> **Work task**
List every line below containing "Return".

+++

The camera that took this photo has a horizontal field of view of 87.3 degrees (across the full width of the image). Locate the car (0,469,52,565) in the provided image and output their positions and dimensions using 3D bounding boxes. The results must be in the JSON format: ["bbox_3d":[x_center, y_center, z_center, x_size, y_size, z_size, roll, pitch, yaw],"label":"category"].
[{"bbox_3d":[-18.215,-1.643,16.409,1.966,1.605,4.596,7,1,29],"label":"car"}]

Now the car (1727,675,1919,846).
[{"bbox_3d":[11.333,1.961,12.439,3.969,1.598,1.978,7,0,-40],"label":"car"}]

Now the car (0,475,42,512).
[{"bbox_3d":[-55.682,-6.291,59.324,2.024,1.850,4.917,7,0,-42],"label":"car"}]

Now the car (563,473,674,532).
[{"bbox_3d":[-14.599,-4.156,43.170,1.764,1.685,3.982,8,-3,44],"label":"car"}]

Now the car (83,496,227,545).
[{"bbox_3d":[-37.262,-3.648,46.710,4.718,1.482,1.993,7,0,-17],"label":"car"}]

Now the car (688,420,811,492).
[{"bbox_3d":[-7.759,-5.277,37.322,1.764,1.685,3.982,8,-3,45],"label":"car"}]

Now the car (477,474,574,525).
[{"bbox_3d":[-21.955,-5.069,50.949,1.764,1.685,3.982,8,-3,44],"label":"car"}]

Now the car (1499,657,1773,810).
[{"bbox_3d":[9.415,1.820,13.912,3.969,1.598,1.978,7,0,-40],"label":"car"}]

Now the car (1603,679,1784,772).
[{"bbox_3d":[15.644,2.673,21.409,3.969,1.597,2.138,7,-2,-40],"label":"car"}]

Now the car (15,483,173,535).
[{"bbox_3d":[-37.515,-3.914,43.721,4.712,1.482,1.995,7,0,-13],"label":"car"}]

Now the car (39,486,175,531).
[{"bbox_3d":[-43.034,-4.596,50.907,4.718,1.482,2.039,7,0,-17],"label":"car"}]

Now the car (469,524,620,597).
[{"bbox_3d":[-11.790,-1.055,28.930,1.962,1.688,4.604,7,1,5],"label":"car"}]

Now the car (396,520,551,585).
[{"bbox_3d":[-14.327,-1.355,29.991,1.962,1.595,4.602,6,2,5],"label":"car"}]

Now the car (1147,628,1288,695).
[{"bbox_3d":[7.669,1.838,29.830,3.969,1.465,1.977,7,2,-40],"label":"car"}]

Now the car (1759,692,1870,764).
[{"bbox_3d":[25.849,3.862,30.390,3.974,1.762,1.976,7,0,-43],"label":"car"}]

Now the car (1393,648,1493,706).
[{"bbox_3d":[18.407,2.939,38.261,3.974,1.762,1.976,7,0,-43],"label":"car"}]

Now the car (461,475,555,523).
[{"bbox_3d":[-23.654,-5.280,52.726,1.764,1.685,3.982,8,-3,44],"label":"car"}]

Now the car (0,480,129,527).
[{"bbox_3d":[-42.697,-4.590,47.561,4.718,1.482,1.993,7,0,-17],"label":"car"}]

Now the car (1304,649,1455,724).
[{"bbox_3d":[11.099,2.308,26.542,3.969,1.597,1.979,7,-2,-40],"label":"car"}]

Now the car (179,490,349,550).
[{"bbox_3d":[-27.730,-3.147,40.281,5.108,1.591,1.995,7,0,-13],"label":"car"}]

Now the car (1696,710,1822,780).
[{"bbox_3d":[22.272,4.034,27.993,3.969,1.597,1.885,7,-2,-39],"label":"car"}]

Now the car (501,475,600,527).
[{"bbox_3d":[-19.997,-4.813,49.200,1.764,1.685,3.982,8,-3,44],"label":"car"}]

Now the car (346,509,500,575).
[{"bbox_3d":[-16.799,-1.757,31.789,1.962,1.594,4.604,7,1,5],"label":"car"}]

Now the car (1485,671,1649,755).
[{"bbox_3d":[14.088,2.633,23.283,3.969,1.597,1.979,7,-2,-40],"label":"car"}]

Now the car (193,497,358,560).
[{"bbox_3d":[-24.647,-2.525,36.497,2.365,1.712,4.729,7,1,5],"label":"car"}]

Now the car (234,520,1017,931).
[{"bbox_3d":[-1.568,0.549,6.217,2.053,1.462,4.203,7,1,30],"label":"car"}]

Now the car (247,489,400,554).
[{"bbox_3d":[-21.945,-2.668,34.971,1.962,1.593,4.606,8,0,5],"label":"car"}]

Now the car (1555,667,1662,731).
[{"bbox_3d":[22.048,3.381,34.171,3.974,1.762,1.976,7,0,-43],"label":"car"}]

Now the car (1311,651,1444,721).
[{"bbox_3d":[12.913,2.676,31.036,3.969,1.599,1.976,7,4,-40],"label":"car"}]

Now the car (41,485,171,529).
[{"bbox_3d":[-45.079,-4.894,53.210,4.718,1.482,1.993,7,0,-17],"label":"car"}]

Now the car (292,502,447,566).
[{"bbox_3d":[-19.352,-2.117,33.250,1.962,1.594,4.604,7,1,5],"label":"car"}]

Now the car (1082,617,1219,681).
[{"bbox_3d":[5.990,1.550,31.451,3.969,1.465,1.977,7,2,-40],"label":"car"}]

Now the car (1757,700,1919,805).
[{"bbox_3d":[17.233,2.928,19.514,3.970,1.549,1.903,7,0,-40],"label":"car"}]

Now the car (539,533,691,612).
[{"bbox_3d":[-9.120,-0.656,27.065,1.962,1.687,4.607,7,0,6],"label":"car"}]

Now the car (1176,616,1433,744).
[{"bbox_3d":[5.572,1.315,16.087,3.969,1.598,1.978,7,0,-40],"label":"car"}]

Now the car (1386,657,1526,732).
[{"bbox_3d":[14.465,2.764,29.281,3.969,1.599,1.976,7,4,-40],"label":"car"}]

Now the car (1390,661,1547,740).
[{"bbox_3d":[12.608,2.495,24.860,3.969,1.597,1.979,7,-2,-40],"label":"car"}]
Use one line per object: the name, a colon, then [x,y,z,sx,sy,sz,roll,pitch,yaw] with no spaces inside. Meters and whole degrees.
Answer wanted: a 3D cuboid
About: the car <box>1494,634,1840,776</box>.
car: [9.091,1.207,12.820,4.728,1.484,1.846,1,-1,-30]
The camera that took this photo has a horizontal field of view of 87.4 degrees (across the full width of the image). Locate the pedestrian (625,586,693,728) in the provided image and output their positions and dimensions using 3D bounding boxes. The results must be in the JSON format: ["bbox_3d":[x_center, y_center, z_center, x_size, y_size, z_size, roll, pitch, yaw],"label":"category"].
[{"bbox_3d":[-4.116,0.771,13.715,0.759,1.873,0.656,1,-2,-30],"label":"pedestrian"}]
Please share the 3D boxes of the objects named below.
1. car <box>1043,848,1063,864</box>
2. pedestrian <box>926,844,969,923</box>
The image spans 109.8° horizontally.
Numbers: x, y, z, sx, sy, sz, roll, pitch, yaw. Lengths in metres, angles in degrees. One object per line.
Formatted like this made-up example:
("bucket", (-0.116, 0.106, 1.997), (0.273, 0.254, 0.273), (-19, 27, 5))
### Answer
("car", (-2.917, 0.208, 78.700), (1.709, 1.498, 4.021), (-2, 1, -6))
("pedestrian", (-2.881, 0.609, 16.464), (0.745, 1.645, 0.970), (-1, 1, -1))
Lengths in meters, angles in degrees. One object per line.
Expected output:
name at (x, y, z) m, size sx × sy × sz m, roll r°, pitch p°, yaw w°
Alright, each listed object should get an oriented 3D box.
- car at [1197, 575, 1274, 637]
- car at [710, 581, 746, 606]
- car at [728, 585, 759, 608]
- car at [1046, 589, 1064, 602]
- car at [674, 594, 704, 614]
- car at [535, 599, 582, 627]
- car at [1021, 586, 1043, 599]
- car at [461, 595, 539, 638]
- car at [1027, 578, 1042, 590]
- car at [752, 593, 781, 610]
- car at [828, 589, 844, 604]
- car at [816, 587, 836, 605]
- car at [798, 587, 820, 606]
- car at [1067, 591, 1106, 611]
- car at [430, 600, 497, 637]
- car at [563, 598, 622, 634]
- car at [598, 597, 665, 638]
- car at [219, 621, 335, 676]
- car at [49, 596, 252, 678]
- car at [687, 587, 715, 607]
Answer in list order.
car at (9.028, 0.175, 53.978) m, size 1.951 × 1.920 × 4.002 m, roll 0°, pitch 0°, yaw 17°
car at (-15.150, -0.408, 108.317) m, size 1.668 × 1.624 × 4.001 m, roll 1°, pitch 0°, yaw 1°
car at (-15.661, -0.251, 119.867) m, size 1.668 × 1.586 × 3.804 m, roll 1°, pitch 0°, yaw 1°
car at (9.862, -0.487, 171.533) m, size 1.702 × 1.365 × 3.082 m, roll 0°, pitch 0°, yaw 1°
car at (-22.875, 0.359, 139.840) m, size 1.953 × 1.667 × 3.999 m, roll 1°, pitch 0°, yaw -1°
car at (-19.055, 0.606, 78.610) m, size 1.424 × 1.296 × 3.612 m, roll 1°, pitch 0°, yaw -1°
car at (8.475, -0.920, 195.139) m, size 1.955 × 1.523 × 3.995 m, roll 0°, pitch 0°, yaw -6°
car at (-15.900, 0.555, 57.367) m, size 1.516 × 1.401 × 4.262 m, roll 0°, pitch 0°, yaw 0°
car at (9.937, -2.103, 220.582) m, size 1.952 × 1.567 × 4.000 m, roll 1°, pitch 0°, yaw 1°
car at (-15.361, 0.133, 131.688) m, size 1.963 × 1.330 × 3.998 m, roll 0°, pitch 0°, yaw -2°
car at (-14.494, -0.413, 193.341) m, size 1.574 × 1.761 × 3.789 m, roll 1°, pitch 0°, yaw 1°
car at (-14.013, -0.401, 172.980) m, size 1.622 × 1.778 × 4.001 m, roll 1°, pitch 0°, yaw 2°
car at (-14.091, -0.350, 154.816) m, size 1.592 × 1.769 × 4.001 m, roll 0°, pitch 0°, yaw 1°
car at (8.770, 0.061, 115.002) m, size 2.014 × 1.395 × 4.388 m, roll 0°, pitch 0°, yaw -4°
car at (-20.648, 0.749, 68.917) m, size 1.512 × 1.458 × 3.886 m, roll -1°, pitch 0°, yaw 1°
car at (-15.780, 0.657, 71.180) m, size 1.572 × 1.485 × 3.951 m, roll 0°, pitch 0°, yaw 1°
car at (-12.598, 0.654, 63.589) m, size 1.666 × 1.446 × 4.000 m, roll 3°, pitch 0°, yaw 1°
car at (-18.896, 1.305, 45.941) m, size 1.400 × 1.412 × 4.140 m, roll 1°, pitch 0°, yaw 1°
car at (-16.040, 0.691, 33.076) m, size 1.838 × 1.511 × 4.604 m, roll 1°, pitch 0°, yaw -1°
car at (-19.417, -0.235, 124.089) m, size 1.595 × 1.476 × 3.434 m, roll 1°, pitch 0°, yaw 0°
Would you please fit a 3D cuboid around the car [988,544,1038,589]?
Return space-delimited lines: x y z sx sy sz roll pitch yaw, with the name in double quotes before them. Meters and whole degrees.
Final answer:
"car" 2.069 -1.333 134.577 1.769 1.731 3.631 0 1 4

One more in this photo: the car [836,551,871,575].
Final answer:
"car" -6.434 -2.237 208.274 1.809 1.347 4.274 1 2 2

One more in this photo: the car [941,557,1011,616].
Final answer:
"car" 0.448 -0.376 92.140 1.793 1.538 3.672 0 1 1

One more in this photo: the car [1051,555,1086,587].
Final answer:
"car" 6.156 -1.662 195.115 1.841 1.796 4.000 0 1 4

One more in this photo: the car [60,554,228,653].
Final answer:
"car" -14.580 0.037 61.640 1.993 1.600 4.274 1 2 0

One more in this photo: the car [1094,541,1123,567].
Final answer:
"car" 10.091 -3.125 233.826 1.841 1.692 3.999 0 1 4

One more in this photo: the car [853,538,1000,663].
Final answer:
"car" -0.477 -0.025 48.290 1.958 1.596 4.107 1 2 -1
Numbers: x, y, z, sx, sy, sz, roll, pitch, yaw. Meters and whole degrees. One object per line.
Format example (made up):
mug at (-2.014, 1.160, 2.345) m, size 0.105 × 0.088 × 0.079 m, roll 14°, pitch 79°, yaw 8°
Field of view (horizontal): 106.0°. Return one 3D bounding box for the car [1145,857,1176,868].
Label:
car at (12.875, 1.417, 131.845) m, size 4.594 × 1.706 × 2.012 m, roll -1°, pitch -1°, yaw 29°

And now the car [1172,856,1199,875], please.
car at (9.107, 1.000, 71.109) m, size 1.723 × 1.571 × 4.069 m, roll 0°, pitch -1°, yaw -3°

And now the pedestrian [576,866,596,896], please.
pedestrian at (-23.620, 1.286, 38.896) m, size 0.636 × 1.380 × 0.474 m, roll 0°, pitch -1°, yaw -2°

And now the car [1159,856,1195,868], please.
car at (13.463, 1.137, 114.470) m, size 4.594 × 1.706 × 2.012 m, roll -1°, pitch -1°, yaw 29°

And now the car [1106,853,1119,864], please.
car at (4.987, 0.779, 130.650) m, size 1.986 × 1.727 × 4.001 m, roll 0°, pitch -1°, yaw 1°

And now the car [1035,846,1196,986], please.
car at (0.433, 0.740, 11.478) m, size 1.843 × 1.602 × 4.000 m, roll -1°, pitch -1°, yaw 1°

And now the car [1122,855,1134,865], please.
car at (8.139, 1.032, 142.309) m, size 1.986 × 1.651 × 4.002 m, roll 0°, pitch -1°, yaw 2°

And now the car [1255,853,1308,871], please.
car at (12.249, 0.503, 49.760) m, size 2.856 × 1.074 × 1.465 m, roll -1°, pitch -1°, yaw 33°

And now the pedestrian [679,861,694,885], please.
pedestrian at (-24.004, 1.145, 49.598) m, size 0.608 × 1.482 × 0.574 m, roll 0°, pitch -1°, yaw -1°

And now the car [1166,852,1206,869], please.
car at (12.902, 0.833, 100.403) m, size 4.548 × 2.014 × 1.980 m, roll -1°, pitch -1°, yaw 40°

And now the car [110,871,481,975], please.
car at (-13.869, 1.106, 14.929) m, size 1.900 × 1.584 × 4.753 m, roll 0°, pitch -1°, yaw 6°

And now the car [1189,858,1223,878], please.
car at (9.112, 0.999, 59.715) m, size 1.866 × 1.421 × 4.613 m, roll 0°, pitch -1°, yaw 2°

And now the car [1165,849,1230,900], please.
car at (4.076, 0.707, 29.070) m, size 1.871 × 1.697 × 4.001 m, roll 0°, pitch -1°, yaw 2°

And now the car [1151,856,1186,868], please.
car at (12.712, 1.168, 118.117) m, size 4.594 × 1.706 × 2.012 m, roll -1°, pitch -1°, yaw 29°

+++

> **Task output**
Return space-delimited lines: x y z sx sy sz roll pitch yaw, with the name in double quotes before them. Meters and whole degrees.
Field of view (horizontal): 106.0°. Return one 3D bounding box for the car [1145,857,1176,868].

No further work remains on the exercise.